▶ _TASK PROMPT_
From the line containing "Viewport: 953px width, 1232px height." through the last line below, copy every line exactly, leaving out the pictures.

(Entries taken from a collection)

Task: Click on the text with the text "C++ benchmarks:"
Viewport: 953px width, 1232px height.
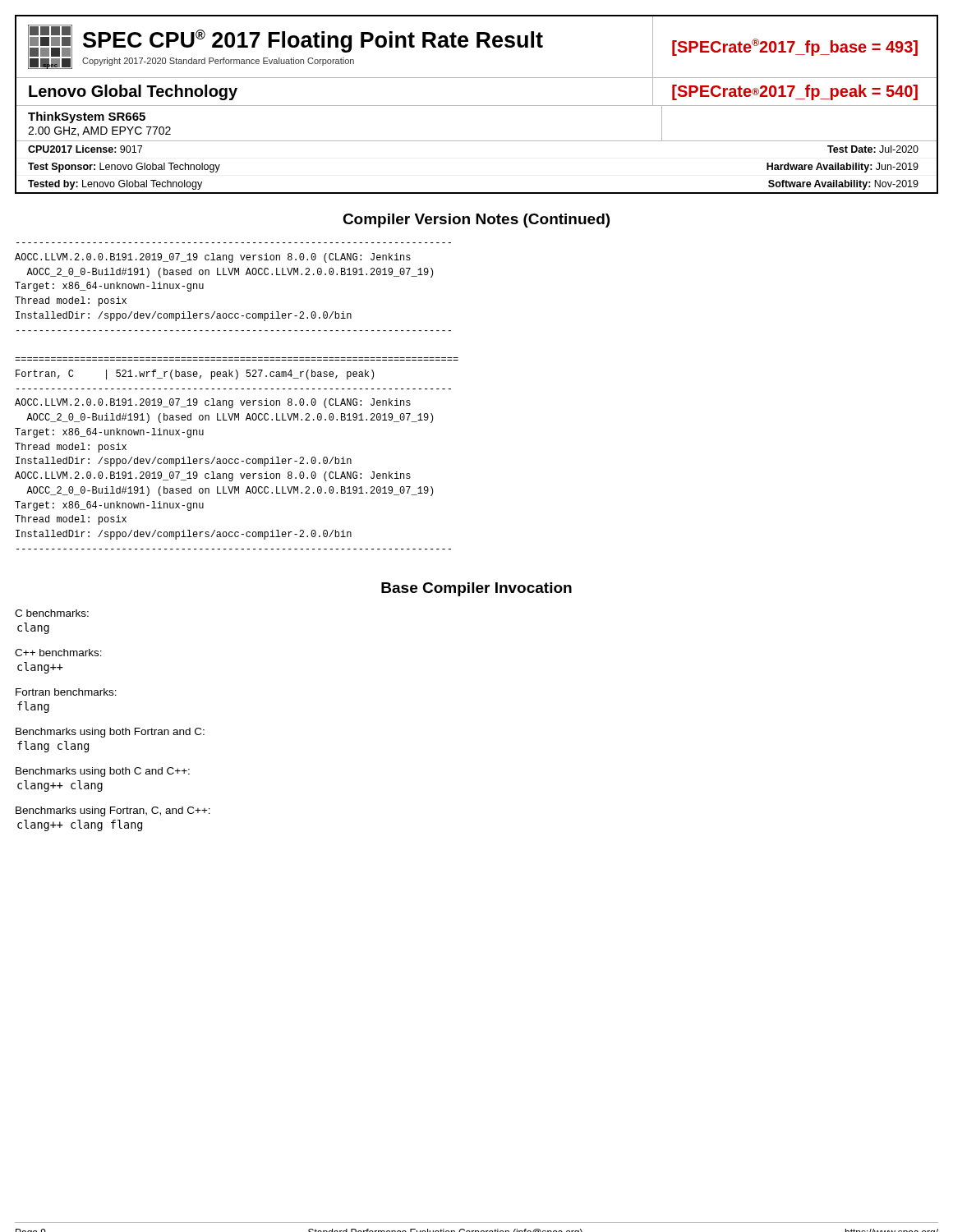Action: 59,652
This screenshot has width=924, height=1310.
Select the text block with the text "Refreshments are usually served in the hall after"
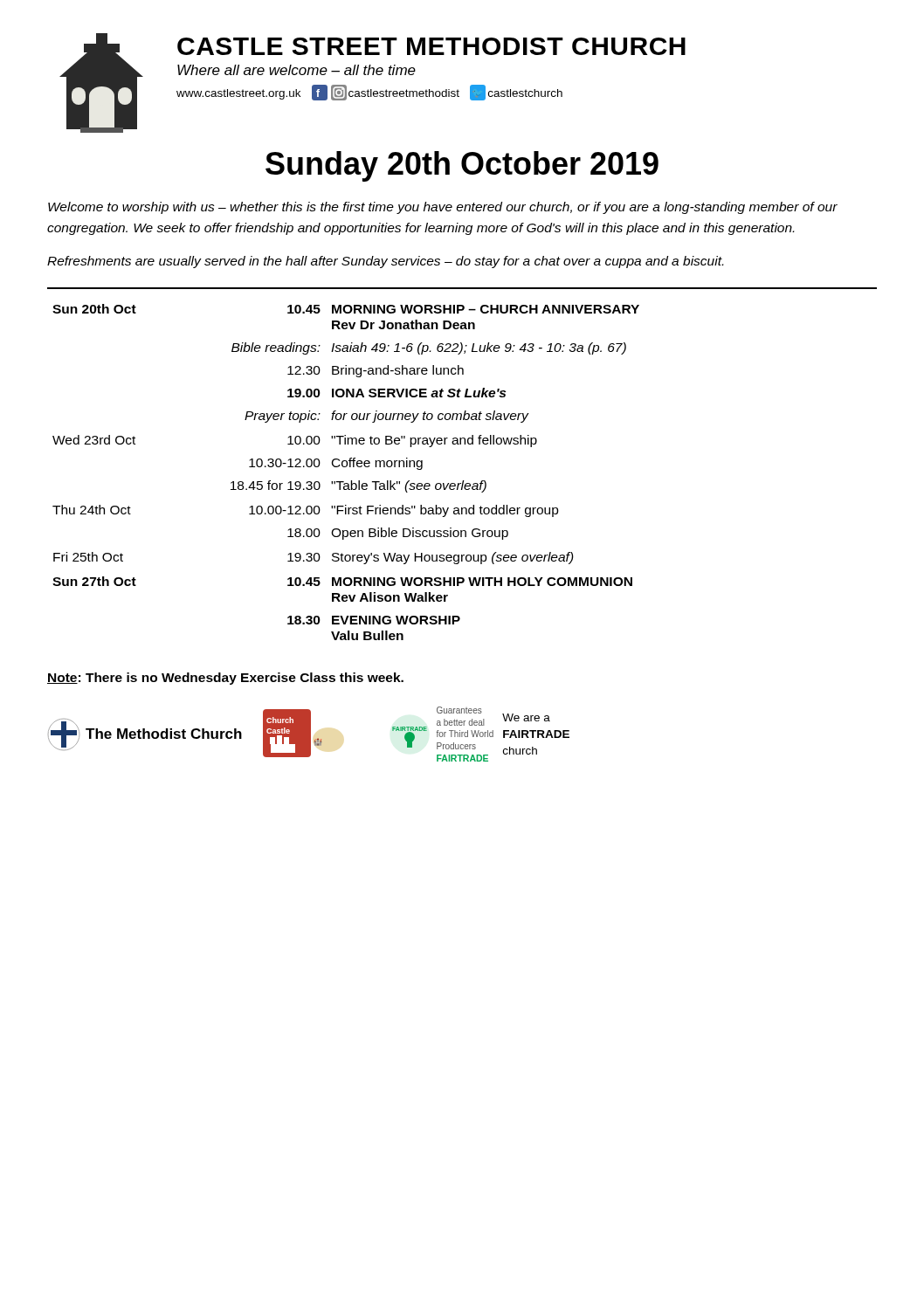coord(386,261)

▶ _RESULT OF THE TASK_
Viewport: 953px width, 1232px height.
Action: 59,652
This screenshot has width=924, height=1310.
Select the text block with the text "Refreshments are usually served in the hall after"
coord(386,261)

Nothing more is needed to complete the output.